- Ombersley
- Coordinates: 38°12′28″S 143°48′56″E﻿ / ﻿38.20778°S 143.81556°E
- Country: Australia
- State: Victoria
- LGAs: Colac Otway Shire; Surf Coast Shire;
- Location: 45 km (28 mi) W of Geelong; 108 km (67 mi) SW of Melbourne;

Government
- • State electorate: Polwarth;
- • Federal division: Wannon;

Population
- • Total: 93 (2021 census)
- Postcode: 3241
Suburbs around Ombersley
| Weering | Wingeel and Hesse | Inverleigh |
| Eurack, Beeac and Irrewarra | Ombersley | Winchelsea |
| Warncoort | Birregurra | Winchelsea |

= Ombersley, Victoria =

Ombersley is a locality in Victoria, Australia. Most of the locality is in Colac Otway Shire, with a portion being in adjacent Surf Coast Shire. In the 2021 census, Ombersley had a population of 93.

Ombersley Post Office opened on 1 May 1884 and closed on 30 March 1963.

Mount Hesse Station, a historic homestead listed on the Victorian Heritage Register and classified by the National Trust of Australia, is located within Ombersley. It was developed as a pastoral property around 1837, and the first homestead was built in the early 1840s. A succession of still surviving outbuildings followed thereafter, including a store (1843), shepherd's hut (1849), stables (1849, extended in 1873), woolshed (1852) and gate lodge (1873).

The main Mount Hesse homestead was built in 1856, and extended in 1873. It was severely damaged by fire in 1941 and rebuilt in 1947. The property has historical associations with a number of prominent 19th century pastoralists and businessmen, and the stables and woolshed are amongst the oldest surviving examples of their kind in the state.

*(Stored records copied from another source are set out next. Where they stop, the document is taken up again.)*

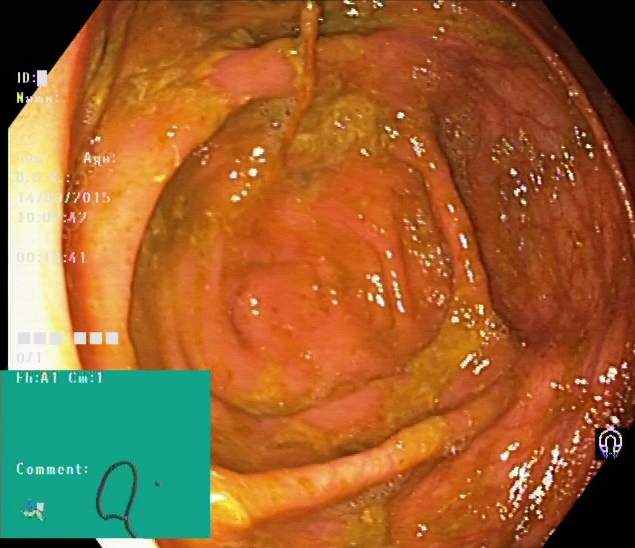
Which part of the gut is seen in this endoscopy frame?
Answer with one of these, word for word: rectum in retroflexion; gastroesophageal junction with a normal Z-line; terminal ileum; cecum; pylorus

cecum
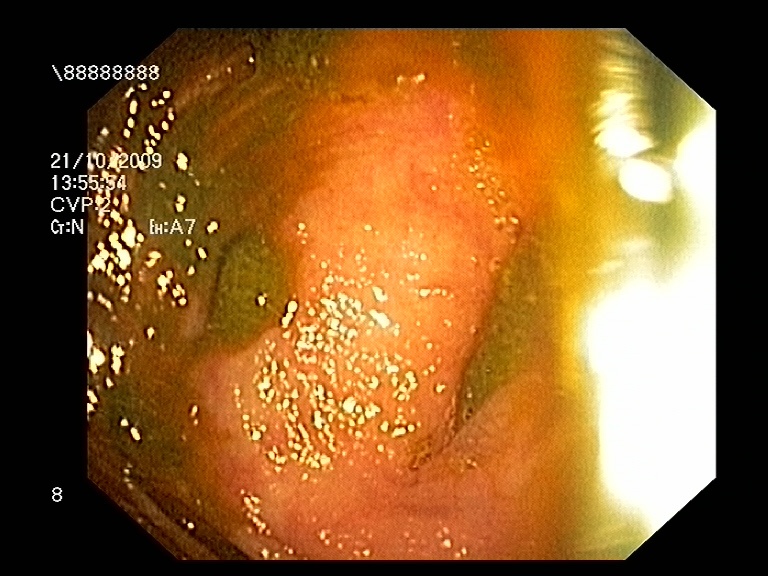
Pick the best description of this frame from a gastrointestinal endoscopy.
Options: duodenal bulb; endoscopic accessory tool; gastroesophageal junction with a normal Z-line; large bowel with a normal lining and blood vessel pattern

large bowel with a normal lining and blood vessel pattern
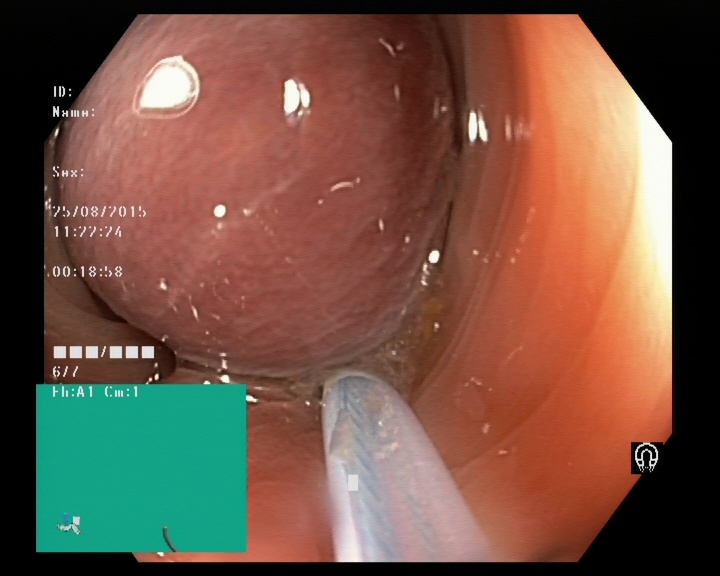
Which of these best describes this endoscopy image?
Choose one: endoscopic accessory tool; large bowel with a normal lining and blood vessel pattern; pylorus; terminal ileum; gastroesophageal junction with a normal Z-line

endoscopic accessory tool
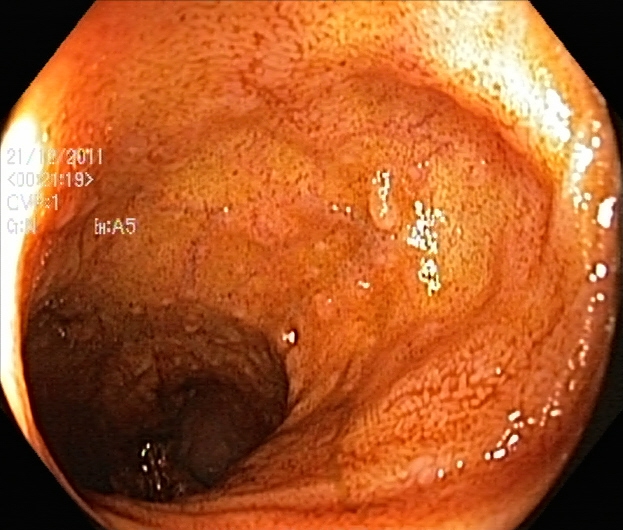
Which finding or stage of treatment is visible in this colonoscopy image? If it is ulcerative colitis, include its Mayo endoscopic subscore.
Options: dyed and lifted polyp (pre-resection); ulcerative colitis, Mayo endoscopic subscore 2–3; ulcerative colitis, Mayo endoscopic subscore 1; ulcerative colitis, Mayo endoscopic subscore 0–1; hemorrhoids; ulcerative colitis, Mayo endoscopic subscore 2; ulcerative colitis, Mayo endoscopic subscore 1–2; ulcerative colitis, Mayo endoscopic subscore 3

ulcerative colitis, Mayo endoscopic subscore 2

A second historic homestead, Mountside Homestead, is also located within Ombersley. It was built in 1876 after the original Mount Hesse estate was divided into three properties, and is also classified by the National Trust of Australia.

The locality includes Mount Gellibrand, an extinct scoria volcano and the future site of a wind farm.